Stock Connect to Open to WVR Companies
HKEx announced that it has reached an agreement with the Shanghai and Shenzhen Stock Exchanges to permit companies with dual-class share structures listed in Hong Kong — referred to as weighted voting rights (WVRs) companies — to be traded by Mainland-based investors through the Stock Connect program. This will be welcome news to the two WVR companies currently listed in Hong Kong — Xiaomi Corporation and Meituan Dianping (Skadden advised on both these IPOs in 2018) — as well as other aspiring WVR listing applicants. HKEx is working on detailed rules to implement the agreement, and these rules should be announced to the market for implementation by mid-2019.
The Stock Connect program enables Mainland-based investors to trade directly in certain HKEx-listed securities (southbound trading) while also permitting Hong Kong-based investors to trade directly in certain securities listed on the Shanghai and Shenzhen stock exchanges (northbound trading). To qualify for southbound trading, the company must be a constituent of the Hang Seng Composite Index. Hang Seng Indexes Company Limited, the company responsible for formulating the Hang Seng indexes, already had announced that “Greater China” WVR companies, including those with either a primary or secondary HKEx listing, are eligible for inclusion in the Hang Seng Composite Index. The forthcoming rules following this latest HKEx announcement will be the final step in opening these companies to Mainland investors through Stock Connect.
Annual Reporting Season: HKEx Guidance on Annual Reports and ESG Reporting
As listed companies move into annual reporting season, HKEx has issued helpful guidance in the form of its annual review of listed companies’ annual reports and new guidance on environmental, social and governance (ESG) reporting.
HKEx reported the following as key areas where there is room for improvement:
- Business review in MD&A: Companies should ensure the management discussion and analysis (MD&A) section of their annual report contains sufficient disclosure of their business model/the revenue recognition methodology of each core business; unique characteristics of their operation processes; relationships with key customers and suppliers; principal risks affecting operations and measures to manage such risks; and strategies (including operations strategies and treasury policies) for meeting their business objectives.

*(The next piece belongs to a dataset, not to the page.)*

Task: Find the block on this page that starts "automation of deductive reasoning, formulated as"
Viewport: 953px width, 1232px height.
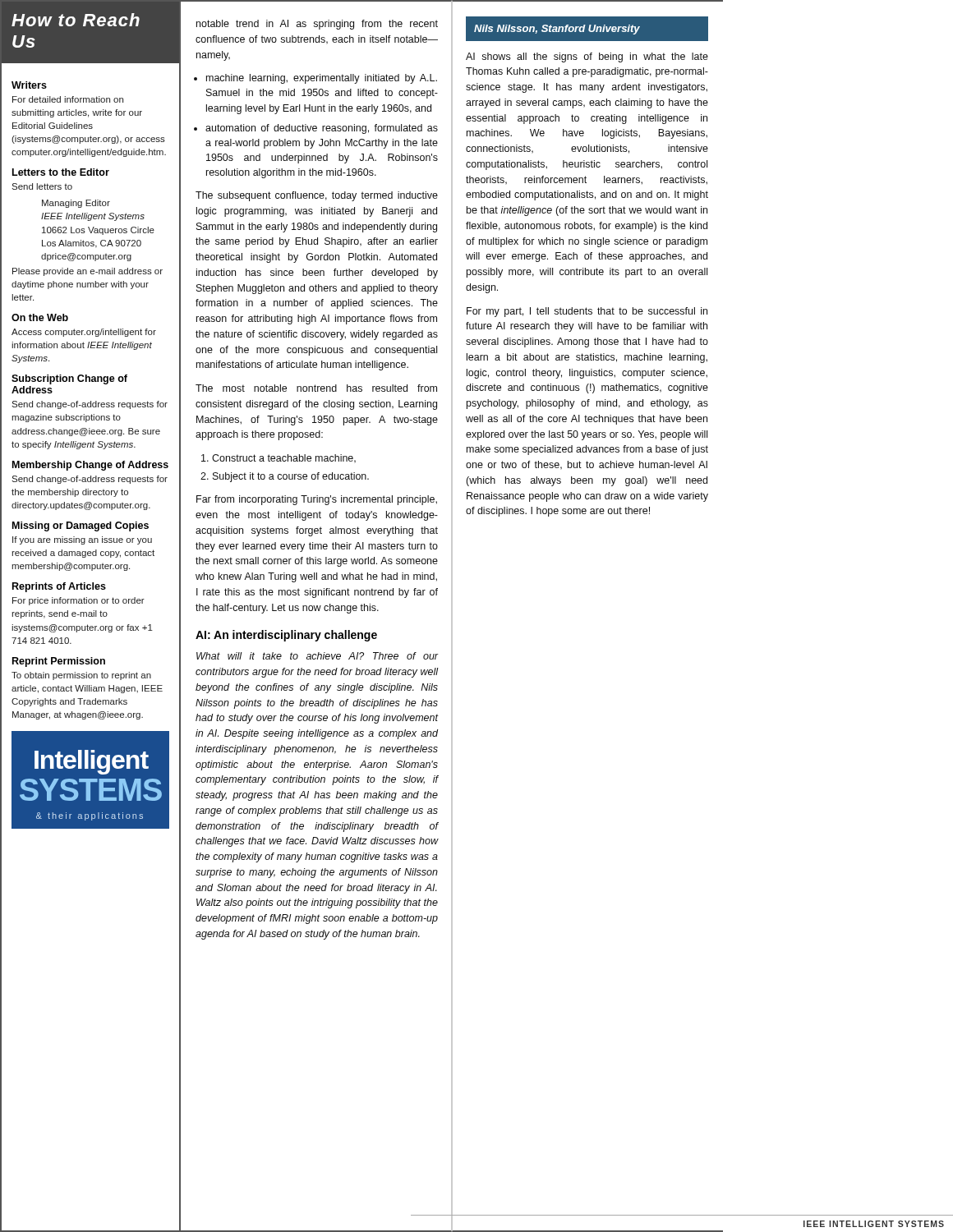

- Material intangible assets: Companies should ensure the quality of their disclosures relating to intangible assets and ascertain whether the processes for assessing impairment are sufficient and appropriate, in particular when there are significant goodwill and intangible assets with indefinite useful lives.
- Disclosures on material “other expenses”: Companies with material “other expenses” or “other operating expenses” should provide appropriate detailed breakdown of those items to enhance shareholders’ understanding.
- Financial statements with auditors’ modified opinions: Companies with auditors’ modified opinions should disclose their audit committee’s views of the modifications and proposed plans to address them.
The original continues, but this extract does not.